- **Task goal**:
Please restate the data below word for word, omitting all images.

· · · ·

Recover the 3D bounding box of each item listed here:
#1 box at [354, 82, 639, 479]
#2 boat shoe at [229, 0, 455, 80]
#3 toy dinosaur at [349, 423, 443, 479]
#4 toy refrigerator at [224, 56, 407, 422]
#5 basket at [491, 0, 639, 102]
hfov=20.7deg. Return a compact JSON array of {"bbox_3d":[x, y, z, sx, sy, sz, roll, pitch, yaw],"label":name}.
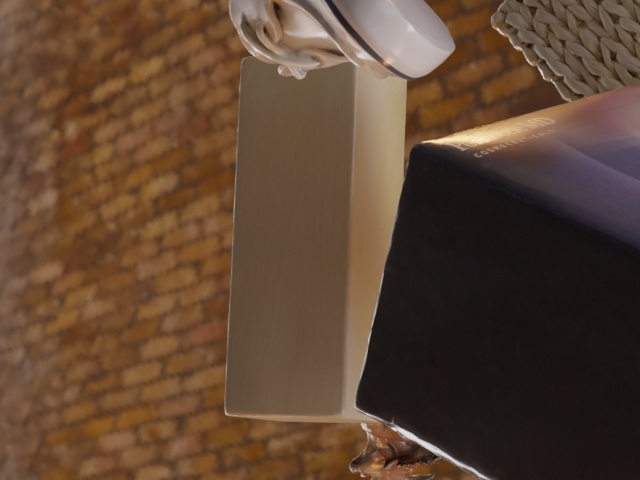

· · · ·

- **Result of the task**:
Recover the 3D bounding box of each item listed here:
#1 box at [354, 82, 639, 479]
#2 boat shoe at [229, 0, 455, 80]
#3 toy dinosaur at [349, 423, 443, 479]
#4 toy refrigerator at [224, 56, 407, 422]
#5 basket at [491, 0, 639, 102]
hfov=20.7deg. Return a compact JSON array of {"bbox_3d":[x, y, z, sx, sy, sz, roll, pitch, yaw],"label":name}.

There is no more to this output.